We found that after 4 wk of treatment it was found that the SSA and VDS score results of patients in the three groups were significantly improved compared to the previous ones, and the differences between the three groups were found to be statistically significant by comparison between the groups for the following reasons: although traditional swallowing training can also help patients to improve swallowing function, it is ineffective and cannot effectively correct abnormalities in the synergistic contraction of the pharyngeal muscles, resulting in a low efficiency of rehabilitation treatment[36]. In contrast, EMGBF is used to provide feedback signals through visual or auditory pathways by collecting EMG signals during voluntary muscle contraction activity so that patients can understand the changes in muscle function[37]. Visual or auditory combines physiological treatment and psychological interventions to facilitate feedback training of the patient's laryngeal muscles, stimulating damaged nerves and restoring normal muscle contraction function[38]. In addition, EMG feedback is a repetitive stimulus based on the cerebral cortex during voluntary muscle contraction activity, and after repetitive drive, the stimulus forms a conditioned reflex that contributes to the reorganization of brain function to form an effective swallowing reflex pathway[39]. In addition to this, the EMG response can fully mobilize the patient's initiative and increase the patient's confidence in recovery[40].
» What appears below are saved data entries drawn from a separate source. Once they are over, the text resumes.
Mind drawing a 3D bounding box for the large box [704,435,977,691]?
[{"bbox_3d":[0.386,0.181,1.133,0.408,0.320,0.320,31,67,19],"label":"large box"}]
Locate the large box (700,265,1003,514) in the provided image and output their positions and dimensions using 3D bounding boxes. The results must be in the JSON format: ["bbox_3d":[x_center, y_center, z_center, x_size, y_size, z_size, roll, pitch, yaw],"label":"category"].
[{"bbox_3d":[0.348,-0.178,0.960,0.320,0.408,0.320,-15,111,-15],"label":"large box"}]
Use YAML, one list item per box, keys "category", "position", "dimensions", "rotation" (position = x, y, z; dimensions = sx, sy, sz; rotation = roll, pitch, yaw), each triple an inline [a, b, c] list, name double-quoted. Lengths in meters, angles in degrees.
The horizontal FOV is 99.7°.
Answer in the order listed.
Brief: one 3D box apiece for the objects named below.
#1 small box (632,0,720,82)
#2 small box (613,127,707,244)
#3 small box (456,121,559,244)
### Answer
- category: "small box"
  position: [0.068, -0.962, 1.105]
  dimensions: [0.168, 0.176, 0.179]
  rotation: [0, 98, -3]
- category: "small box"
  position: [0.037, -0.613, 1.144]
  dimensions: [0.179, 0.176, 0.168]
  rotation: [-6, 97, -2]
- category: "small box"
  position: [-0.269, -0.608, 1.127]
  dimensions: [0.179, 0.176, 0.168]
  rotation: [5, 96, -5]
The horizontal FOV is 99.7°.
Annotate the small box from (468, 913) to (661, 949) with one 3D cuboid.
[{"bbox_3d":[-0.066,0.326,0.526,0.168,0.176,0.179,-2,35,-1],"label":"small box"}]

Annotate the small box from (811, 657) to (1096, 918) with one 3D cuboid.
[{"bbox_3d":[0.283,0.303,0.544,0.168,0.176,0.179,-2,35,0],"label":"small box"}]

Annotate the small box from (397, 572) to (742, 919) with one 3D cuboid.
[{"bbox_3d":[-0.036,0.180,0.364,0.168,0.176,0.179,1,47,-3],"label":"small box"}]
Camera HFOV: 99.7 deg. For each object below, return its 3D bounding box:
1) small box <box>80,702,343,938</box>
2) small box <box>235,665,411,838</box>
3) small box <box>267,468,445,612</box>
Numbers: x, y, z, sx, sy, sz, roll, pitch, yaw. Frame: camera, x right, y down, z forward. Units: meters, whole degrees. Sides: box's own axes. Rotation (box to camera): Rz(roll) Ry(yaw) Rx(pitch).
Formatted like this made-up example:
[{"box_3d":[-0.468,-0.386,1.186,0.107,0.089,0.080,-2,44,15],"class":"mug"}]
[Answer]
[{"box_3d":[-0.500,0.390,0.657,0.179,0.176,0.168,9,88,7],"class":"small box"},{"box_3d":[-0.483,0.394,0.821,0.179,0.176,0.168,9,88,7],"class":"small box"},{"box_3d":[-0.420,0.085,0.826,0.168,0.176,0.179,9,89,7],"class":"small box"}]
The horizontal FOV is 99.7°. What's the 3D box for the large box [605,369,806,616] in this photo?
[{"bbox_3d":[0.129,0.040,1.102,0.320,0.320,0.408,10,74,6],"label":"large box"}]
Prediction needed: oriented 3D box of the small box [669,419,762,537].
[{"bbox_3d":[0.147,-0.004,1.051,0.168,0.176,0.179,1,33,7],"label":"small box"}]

There are still many shortcomings in our study, for example, the number of observed cases is small; the short duration of the experiment does not allow for long-term follow-up of patients; VFSS requires dynamic observation under X-rays, and patients are exposed to X-rays for a long time, and the experiment did not follow up on the long-term effects of X-rays on patients. Finally, the experimental subjects were not strictly distinguished between true and false bulbar palsy, and it could not be ruled out whether the improvement of swallowing function had some correlation with their own recovery. In conclusion, myoelectric biofeedback reinforcement training is superior to conventional swallowing training and myoelectric biofeedback training in improving swallowing function and increasing the motor rate of the hyoid-bone laryngeal complex in patients with swallowing disorders, and its therapeutic effect is significant and worthy of clinical adoption and promotion.

CONCLUSION

EMGBF training is more effective than traditional swallowing training in improving swallowing function and the movement rate of the hyoid laryngeal complex in patients with post-stroke dysphagia.